My question: What would be an example of a space $X$ where ${\cal F}^x\ne{\cal F}_x$ or is there a characterization of such spaces? I.e. when is the sheaf of continuous real valued functions generated by global sections? (I think 'generated by global sections' usually means something little different, but maybe the term makes sense here, too.)
Some notes:
If we consider other sheaves it is very easy to come up with examples, take e.g. $X=\Bbb P^n_k=\operatorname{Proj} k[X_0,\dots,X_n]$ or a compact complex analytic manifold with their usual structure sheaves (dimension $>0$).
We have ${\cal F}^x={\cal F}_x$ if $X$ satisfies the following two conditions:
- Any continuous function on a closed subset of $X$ admits an extension to $X$ ($\Leftrightarrow X$ is normal)
- For each open neighborhood $U$ of $x$ there exists a closed (in $X$) subset $V$ of $U$ such that $V$ contains another open neighborhood of $x$.

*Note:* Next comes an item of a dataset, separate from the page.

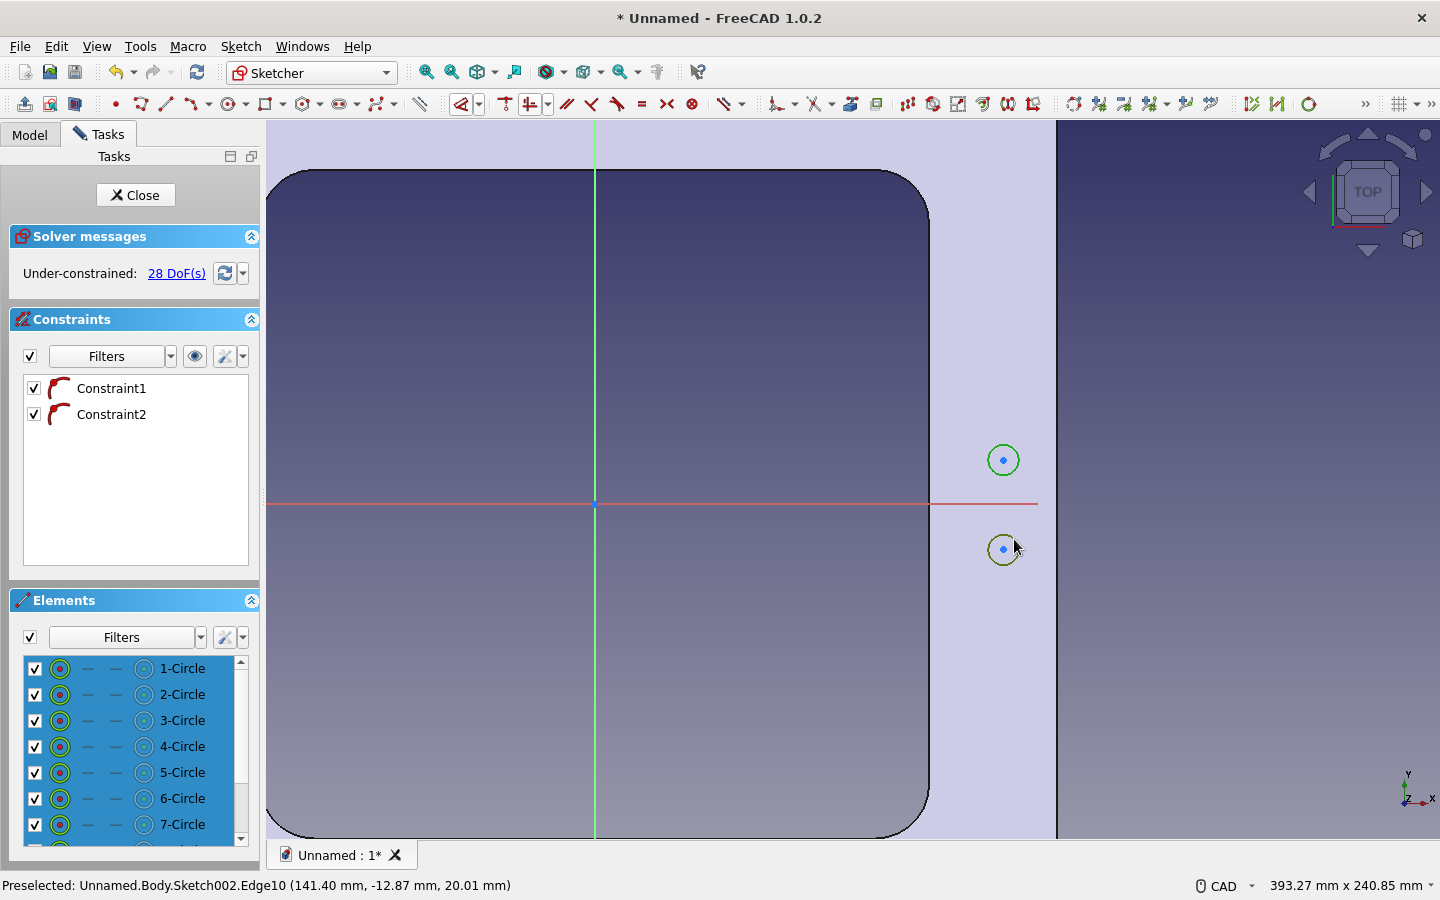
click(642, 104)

Indeed in this case let $f\in\Gamma(U,\cal F)$ where $U$ is any neighborhood of $x$ and let $V$ be as in 2. Then by 1. there is an extension $g\in\Gamma(U,\cal F)$ such that $g\rvert_V=f\rvert_V$ and thus $f_x=g_x$.
These conditions are not necessary: Consider an infinite set $X$ together with the cofinite topology. Clearly $\Gamma(U,\cal F)=\Bbb R$ for all open sets $U\ne\emptyset$ (because $X$ is irreducible), so ${\cal F}^x=\Bbb R={\cal F}_x$